Nexium – its effective marketing directly to consumers reminds Americans it is the “little purple pill” designed to treat acid reflux disease. Nexium, manufactured by AstraZeneca, is a proton pump inhibitor (PPI) prescribed to treat heartburn, acid-reflux, and inflammation of the esophagus.

But plaintiffs allege that Nexium may cause a variety of bone ailments —in particular, osteoporosis, loss of bone density, and bone fractures— and that AstraZeneca failed to adequately warn of these potential adverse side effects.

Nexium II pills

At least 42 lawsuits have been consolidated in California’s Central District MDL No. 2404.

AstraZeneca LP argues  that because the injuries are so varied that the cases should not be consolidated into multidistrict litigation. The company points out that some plaintiffs argue they suffered cardiovascular problems while others claim Nexium caused bones to weaken and led to broken hips or wrist.

Nexium is prescribed to treat heartburn by stopping the release of acid and inflammation of the esophagus. Approved by the Food and Drug Administration (FDA) to treat gastroesophageal reflux disease (GERD), the lawsuits claim that AstraZeneca failed to label the drug correctly to notify users it could affect bone density.

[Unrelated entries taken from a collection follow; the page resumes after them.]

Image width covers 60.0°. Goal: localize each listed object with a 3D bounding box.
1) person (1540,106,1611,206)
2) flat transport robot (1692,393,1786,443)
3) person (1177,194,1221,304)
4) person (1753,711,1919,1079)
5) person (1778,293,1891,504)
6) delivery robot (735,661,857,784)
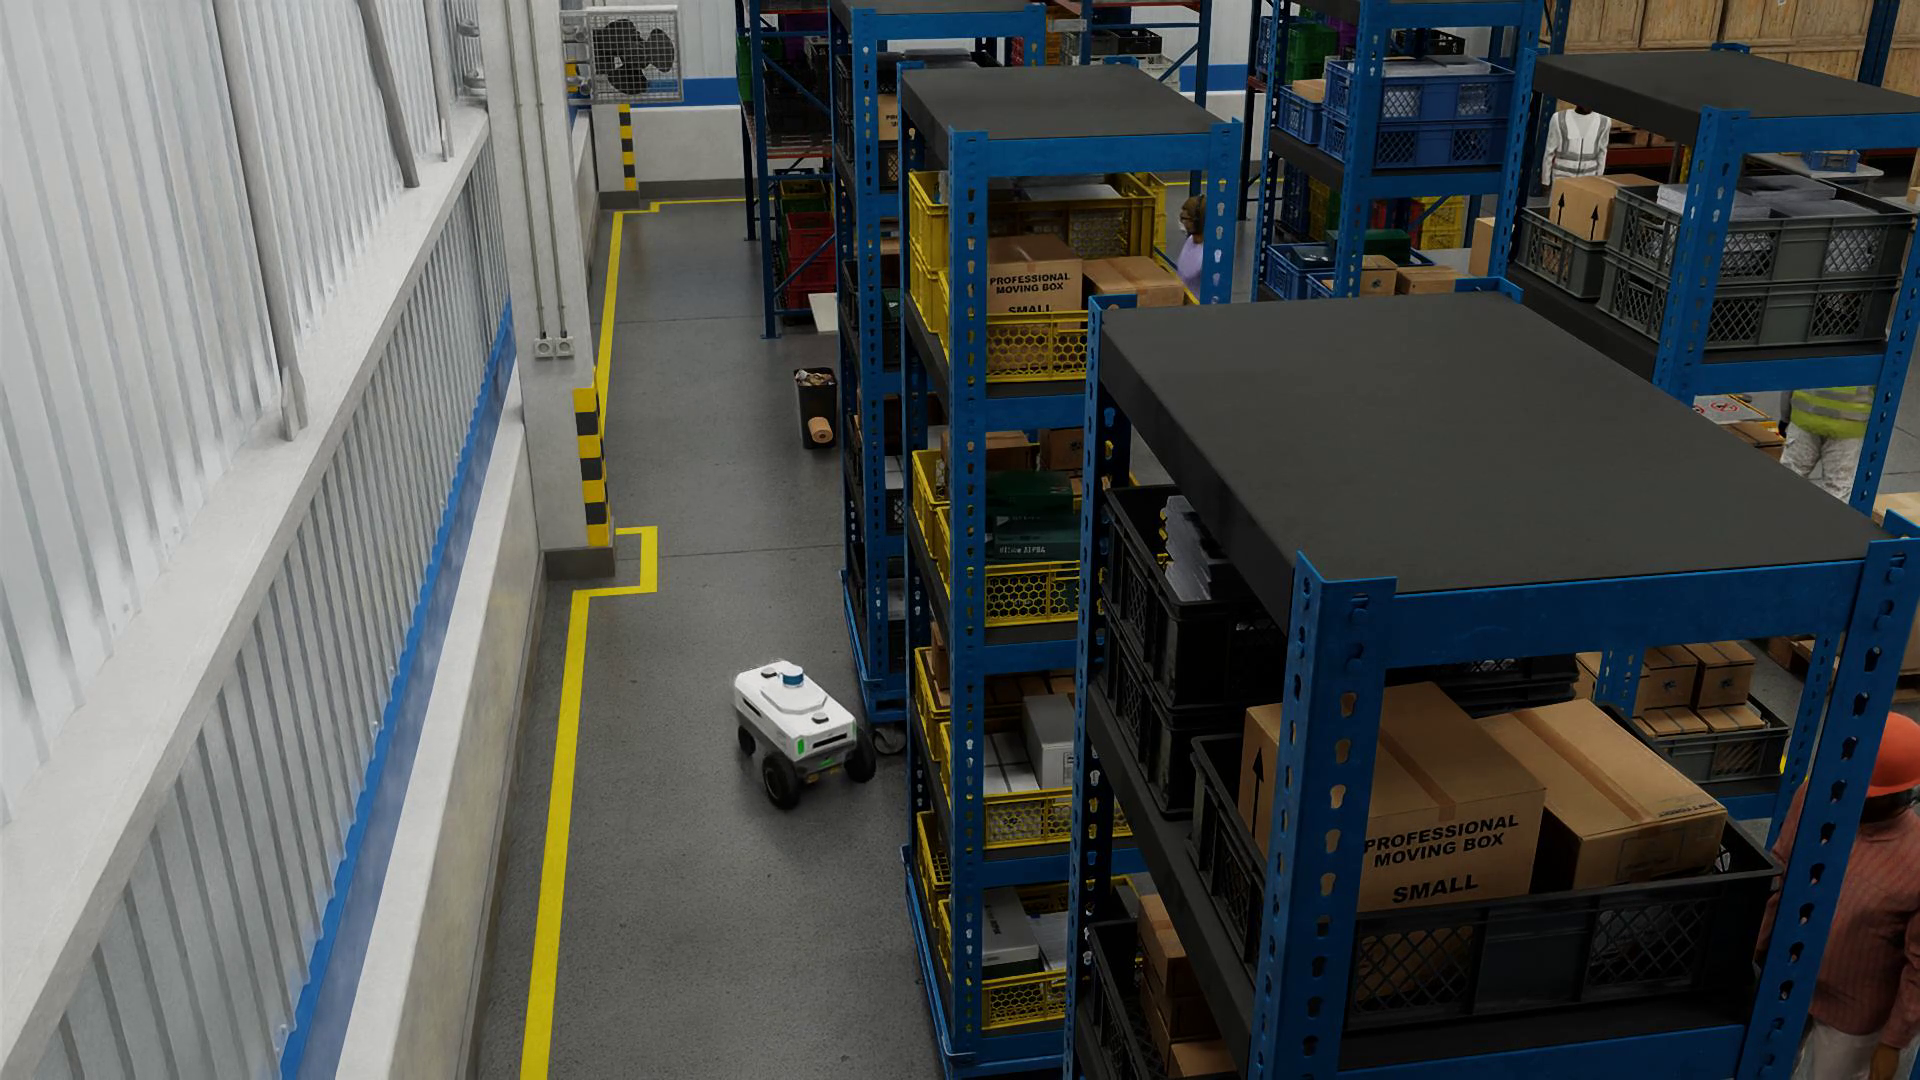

Nexium, also known as (esomeprazole magnesium) can be used for up to six months to reduce stomach ulcers or stomach infections. For children Nexium can be used for up to eight weeks to treat GERD. Besides an increased risk of bone fractures, side effects include an infection with Clostridium difficile, a bacterium. As a result elderly adults are prescribed PPIs for short-term only.

Long-term use of PPIs can inhibit the absorption of some nutrients such as calcium, vitamin b12 and magnesium, according to a story in the New York Times. In one case a woman who had taken PPIs on and off for more than a decade fainted and was diagnosed with anemia because of being malnourished.

Included in this MDL are companies such as Takeda Pharmaceuticals America, Inc. and Johnson & Johnson which also make heartburn medications.

An August 2007 FDA review of safety data suggested an elevated risk for heart problems for PPIs including Prilosec and Nexium.  The FDA reviewed data from two studies and determined long-term use of omeprazole (Prilosec and generics) or esomeprazole (Nexium generic name) is not associated with an increased risk of heart problems including sudden death, heart failure and heart attack. By December, the agency said these data do not support the increased risk.

GERD affects as many as 25 percent of Americans and treatments include Prilosec, Prevacid and Nexium.  These blockbuster drugs amount to nearly $14 billion in sales in 2010 and more than 100 million prescriptions.